# Please help, i'm begging you!



## Juzza12 (Jun 12, 2008)

I'm going mad, the mrs is getting extremely grumpy. We have the loudest cricket on the planet in our flat, under the fridge freezer where we can't get to it. Neither of us can pull it out, not even enough to tip it up and get under it. We've tried air freshener and a steam cleaner. It goes quiet, just when i think it's dead it starts again. How long would i need to take my reps out of the room for if i used bug spray on it? Or can anyone think of any alternatives?


----------



## ichis-mom (May 25, 2008)

tryed getting a rep after it?


----------



## cooljules (May 20, 2008)

release a tokay!


----------



## Juzza12 (Jun 12, 2008)

I don't have a tokay, i'm not allowed more lizards lol. I can't send anything after it, the gap under the fridge is tiny and it never ventures out. If it does i think the mrs will slowly torture it


----------



## stephen_942 (Jul 12, 2008)

i have the same problem when my mrs says can u hear that i pretend i cant and she thinks she is going mad works for me


----------



## Juzza12 (Jun 12, 2008)

stephen_942 said:


> i have the same problem when my mrs says can u hear that i pretend i cant and she thinks she is going mad works for me


That made me laugh. I can't ignore it, it's so loud. It's worse than being naggged at


----------



## kez30 (Jun 15, 2008)

I tell ya it's like "nag nag nag nag nag nag nag nag nag nag nag nag nag nag nag nag nag nag nag nag nag nag nag nag nag nag nag nag nag nag nag nag nag nag nag nag nag nag nag nag nag nag nag nag nag nag nag nag nag nag nag nag nag nag nag nag nag nag nag nag nag nag nag nag nag nag nag nag nag nag nag nag nag nag nag nag nag" its driving me mad raaa! Ok rant over! Phew! Lol we got rid of all the crickets because of this problem, but seems this one refuses to die god damit! Im going to drag that freezer out tomorrow then im going to torture it muhaha:bash:


----------



## PunkAsF82 (Oct 16, 2008)

i has that in my room! loudest escapee under my bed, keeps me awake at night.

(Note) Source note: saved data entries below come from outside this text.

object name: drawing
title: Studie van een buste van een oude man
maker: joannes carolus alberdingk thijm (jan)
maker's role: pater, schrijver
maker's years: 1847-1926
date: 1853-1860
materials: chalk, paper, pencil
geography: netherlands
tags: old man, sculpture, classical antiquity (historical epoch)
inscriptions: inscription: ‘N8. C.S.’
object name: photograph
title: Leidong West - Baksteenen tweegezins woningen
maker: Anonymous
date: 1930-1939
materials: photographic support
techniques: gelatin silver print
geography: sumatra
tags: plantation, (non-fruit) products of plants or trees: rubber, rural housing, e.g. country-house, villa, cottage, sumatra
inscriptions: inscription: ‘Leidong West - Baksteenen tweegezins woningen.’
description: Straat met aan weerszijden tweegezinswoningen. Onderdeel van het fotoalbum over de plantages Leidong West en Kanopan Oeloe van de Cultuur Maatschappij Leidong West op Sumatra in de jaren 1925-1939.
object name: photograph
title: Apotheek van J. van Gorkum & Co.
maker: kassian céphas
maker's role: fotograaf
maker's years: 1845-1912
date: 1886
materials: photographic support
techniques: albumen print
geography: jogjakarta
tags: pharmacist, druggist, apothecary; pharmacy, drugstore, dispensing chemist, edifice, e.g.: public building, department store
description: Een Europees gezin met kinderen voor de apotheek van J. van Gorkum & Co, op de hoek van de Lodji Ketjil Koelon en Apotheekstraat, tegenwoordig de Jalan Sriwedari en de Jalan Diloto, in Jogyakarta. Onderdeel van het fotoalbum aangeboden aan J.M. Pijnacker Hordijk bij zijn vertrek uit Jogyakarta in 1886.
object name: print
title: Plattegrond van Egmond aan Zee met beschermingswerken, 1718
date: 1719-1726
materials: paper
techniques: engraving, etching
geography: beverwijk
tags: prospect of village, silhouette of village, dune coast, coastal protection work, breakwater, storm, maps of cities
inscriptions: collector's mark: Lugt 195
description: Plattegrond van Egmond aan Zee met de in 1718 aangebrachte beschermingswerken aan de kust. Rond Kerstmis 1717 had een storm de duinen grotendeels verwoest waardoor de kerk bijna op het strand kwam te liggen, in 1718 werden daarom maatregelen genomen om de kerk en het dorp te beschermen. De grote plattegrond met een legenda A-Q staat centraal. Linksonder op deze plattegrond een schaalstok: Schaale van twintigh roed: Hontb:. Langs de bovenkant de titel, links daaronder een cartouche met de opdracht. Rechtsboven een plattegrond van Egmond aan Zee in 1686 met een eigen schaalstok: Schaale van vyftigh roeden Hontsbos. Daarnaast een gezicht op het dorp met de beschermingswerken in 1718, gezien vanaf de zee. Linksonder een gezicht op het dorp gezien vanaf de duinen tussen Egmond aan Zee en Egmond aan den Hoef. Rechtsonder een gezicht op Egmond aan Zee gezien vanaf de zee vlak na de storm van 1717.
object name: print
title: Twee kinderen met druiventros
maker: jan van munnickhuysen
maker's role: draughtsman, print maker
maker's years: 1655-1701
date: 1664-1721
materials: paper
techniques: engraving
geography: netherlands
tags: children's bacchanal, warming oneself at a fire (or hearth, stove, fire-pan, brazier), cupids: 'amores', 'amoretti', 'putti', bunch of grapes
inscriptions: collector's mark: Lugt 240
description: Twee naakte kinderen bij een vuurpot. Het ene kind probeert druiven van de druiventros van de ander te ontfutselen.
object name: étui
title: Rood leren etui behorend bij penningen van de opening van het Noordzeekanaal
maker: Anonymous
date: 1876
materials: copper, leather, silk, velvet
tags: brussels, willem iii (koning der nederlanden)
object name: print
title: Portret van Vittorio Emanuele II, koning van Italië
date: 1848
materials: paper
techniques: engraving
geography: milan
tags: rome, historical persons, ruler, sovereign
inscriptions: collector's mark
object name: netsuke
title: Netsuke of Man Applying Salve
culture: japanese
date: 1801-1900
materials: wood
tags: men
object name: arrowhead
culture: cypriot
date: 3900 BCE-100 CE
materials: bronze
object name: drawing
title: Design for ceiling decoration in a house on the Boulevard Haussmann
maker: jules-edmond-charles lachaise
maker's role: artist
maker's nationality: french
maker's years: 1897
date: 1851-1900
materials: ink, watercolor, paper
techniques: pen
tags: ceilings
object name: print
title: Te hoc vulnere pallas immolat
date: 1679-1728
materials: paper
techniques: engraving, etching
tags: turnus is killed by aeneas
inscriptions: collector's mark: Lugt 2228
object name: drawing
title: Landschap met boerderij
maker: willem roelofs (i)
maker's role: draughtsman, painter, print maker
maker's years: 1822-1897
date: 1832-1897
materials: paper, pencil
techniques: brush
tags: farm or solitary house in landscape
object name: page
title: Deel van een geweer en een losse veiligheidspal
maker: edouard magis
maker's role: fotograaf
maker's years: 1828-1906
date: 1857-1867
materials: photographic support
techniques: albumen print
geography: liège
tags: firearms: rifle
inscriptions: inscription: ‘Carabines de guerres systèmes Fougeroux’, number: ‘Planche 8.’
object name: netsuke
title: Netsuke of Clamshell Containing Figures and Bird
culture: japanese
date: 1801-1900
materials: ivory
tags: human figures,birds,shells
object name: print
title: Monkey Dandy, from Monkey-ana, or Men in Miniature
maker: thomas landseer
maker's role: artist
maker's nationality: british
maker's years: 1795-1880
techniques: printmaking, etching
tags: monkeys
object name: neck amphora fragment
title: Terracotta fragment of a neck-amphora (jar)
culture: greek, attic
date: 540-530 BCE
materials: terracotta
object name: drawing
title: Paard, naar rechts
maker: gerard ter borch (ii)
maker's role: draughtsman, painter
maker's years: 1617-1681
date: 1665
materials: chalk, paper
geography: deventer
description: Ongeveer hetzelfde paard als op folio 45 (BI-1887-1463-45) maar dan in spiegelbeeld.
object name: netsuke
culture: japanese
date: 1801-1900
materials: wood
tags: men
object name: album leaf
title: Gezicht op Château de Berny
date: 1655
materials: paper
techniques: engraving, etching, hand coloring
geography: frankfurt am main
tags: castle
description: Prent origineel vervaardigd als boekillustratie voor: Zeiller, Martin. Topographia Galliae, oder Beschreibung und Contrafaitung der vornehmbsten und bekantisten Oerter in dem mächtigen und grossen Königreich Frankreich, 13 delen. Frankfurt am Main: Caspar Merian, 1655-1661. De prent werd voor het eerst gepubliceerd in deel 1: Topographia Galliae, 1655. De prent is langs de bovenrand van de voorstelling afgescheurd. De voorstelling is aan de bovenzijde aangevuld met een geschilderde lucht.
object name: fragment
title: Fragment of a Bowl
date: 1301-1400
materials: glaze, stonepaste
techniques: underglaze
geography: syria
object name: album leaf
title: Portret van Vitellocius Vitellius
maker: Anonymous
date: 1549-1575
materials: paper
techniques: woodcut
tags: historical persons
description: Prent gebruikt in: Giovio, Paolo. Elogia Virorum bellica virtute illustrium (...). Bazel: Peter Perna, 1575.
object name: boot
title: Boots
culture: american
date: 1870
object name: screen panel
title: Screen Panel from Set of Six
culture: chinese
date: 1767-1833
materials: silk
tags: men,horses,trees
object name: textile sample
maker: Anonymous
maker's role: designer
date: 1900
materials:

one night it went quiet, pulled the bed out to see it, and almost died of fright to see it being munched by a FU**ING huge spider!


----------



## Ben.M (Mar 2, 2008)

PunkAsF82 said:


> i has that in my room! loudest escapee under my bed, keeps me awake at night.
> 
> one night it went quiet, pulled the bed out to see it, and almost died of fright to see it being munched by a FU**ING huge spider!


 
Well it shut it up didnt it :lol2:


----------



## Athravan (Dec 28, 2006)

Ant powder on the floor in front of where it is, and a piece of fruit or something sugary, it will come out for the fruit in the night if it smells it and get hit by the poison. If it's just in a very localised area on the floor this should not affect your reptiles.


----------



## tashaprincess (Sep 18, 2008)

i had loads of crix escape they are pure evil now i have locust they are nice!!


----------



## Juzza12 (Jun 12, 2008)

I haven't had crickets for a while now but there are a few running round still. Thanks for that athraven will give that a try if i can't get it today


----------



## Liam09 (Jul 25, 2008)

Fly Killer?


----------



## Juzza12 (Jun 12, 2008)

I've got that but i need to know how long to keep my reps out of the room


----------



## Parky (Jul 6, 2008)

Get a hoover and use the tube part of it, poke under there with a stick of some description to try and get it towards the hoover.


----------



## The Roach Hut (Mar 29, 2008)

Juzza12 said:


> I'm going mad, the mrs is getting extremely grumpy. We have the loudest cricket on the planet in our flat, under the fridge freezer where we can't get to it. Neither of us can pull it out, not even enough to tip it up and get under it. We've tried air freshener and a steam cleaner. It goes quiet, just when i think it's dead it starts again. How long would i need to take my reps out of the room for if i used bug spray on it? Or can anyone think of any alternatives?


 get rid of all crix and feed dubia's mate. no smell no stress and most of all no *NOISE*.


----------



## blackdragon (Jun 27, 2008)

we are still finding the little boggers now and we have not had any lizards or crickets in the house for ages, the silent brown ones are not silent when they are feeling lonely and start chirping away looking for friends


----------



## Juzza12 (Jun 12, 2008)

I'm feeding lobsters to my lot now, it's just a few crickets hanging around still


----------



## sushigeezer (Jun 26, 2008)

to get rid of old crickets running around my flat I've used hormonal bug traps. works great.


----------



## missravenna (Sep 25, 2008)

PunkAsF82 said:


> i has that in my room! loudest escapee under my bed, keeps me awake at night.
> 
> one night it went quiet, pulled the bed out to see it, and almost died of fright to see it being munched by a FU**ING huge spider!


 

i nearly puked just then! i hate spiders


----------